Develop a list of project tasks and capture those tasks on an action register and Gantt Chart.
Implement a work plan.
Communicate effectively with your sponsor to align on tasks, goals, and results.
Align all tasks with deliverables.
Manage all tasks every week using an action register and a Gantt chart.
After meeting with your client, you now know what the deliverables are and what the company wants, so why not just get to work on creating the deliverables?
The height of your success is measured by the depth of your planning.
This is an expansive project! For a Team-Based project, the work plan is a fourteen-week, 500–700 hour-long project that five different people are working to complete. For individual intern projects, there will also be a large number of hours and likely the need to coordinate work plans with co-workers. For company projects that require hundreds of hours and must be completed on schedule, companies create work plans and Gantt charts. They lay out all the tasks that must be completed for the project. These projects are too complex to let things flow and create tasks as they come. They take more management and more planning.
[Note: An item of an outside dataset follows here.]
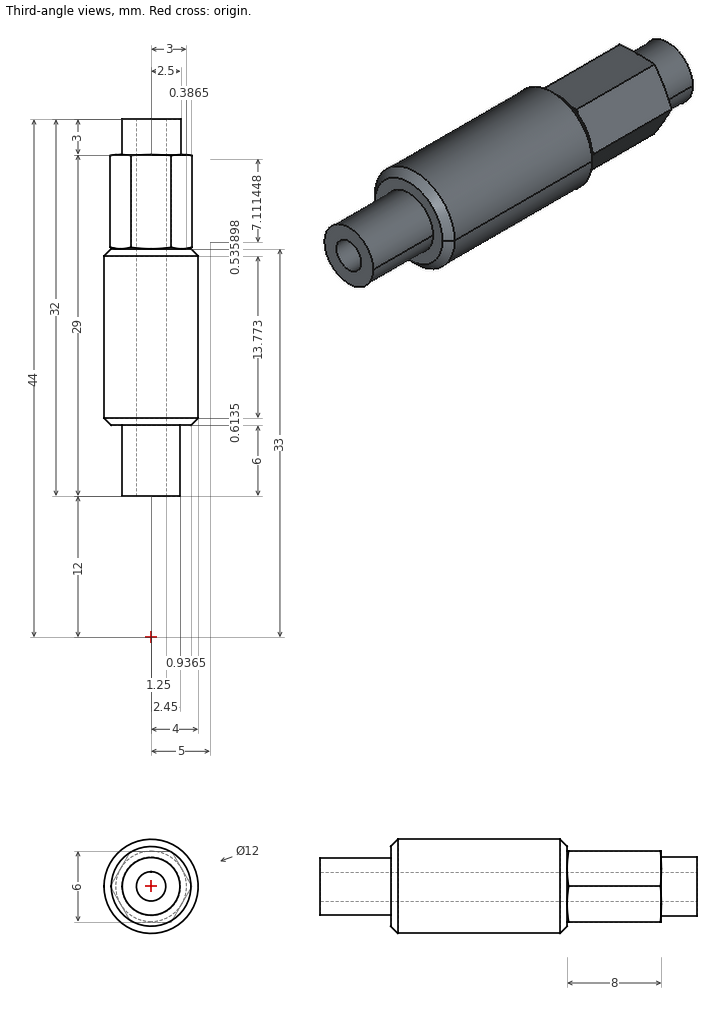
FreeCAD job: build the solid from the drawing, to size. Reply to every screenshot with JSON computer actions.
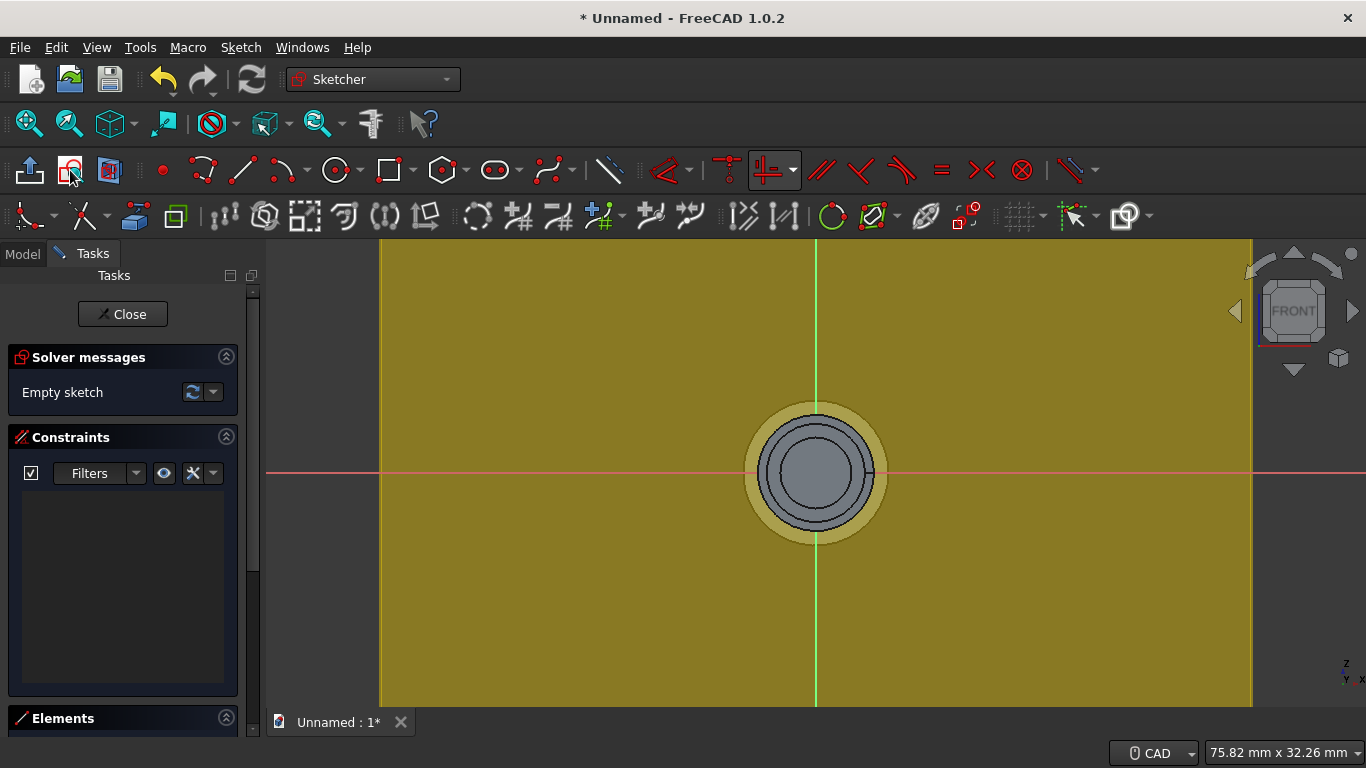
{"action": "left_click", "coordinate": [110, 170]}

To be effective and create deliverables that will make the most impact, you need to have a work plan. The goal is not to just finish but to access the full potential of your team's/co-worker’s skills, time, and combined efforts. It is standard in the professional world to develop a work plan. This is your chance to explore this new skill and develop it enough to put it onto your resume confidently!
A work plan is a roadmap to a successful project. It should include a list of the tasks necessary to meet the project deliverables, and it should list the deliverables according to the critical path process.
A work plan can be represented in the following documents:
Task list associated with each deliverable
Action register
Gantt chart
We will learn about all three of these documents later in this chapter.
A fully developed work plan is a highly valuable channel of communication among team members/co-workers and with the sponsor. Utilize the work plan to create transparency in expectations and progress.
Among Team Members/Co-Workers: Each member of the team has access to the work plan. As responsibilities and tasks are assigned among the group, the work plan can be used as a record-keeping tool for assignments during meetings. It should be used for accountability checks and status updates as you meet, encouraging awareness and transparency of each member's efforts.
Sponsor and Team/Individual Interns: The sponsor will also have access to your work plan. As deliverables are defined, this project plan should be used to clarify to the sponsor that their expectations are being met. Teams/Individual interns with a professional mindset will share their work plan whenever they meet with their sponsor to display the progress made and work done each week. When properly done, little room is left for the development of misunderstandings between the sponsor and the team/intern.
Deliverables: Identify and record every measurable outcome your team is hoping to accomplish. This can be based on your engagement letter.
Tasks: Include all the high-level action items required to complete your deliverables.
Sub-Tasks Breakdown: Take all your tasks and break them into smaller lists of tasks. This is to help visualize everything that needs to happen.
Task Assignments: The strongest workflows allow for maximizing each team member's/co-worker’s time and also for multiple items to be progressing at once. Determine which team member/co-worker will take responsibility for each task. Some tasks are done by the entire team (all co-workers), while others need the focus of only one or more members.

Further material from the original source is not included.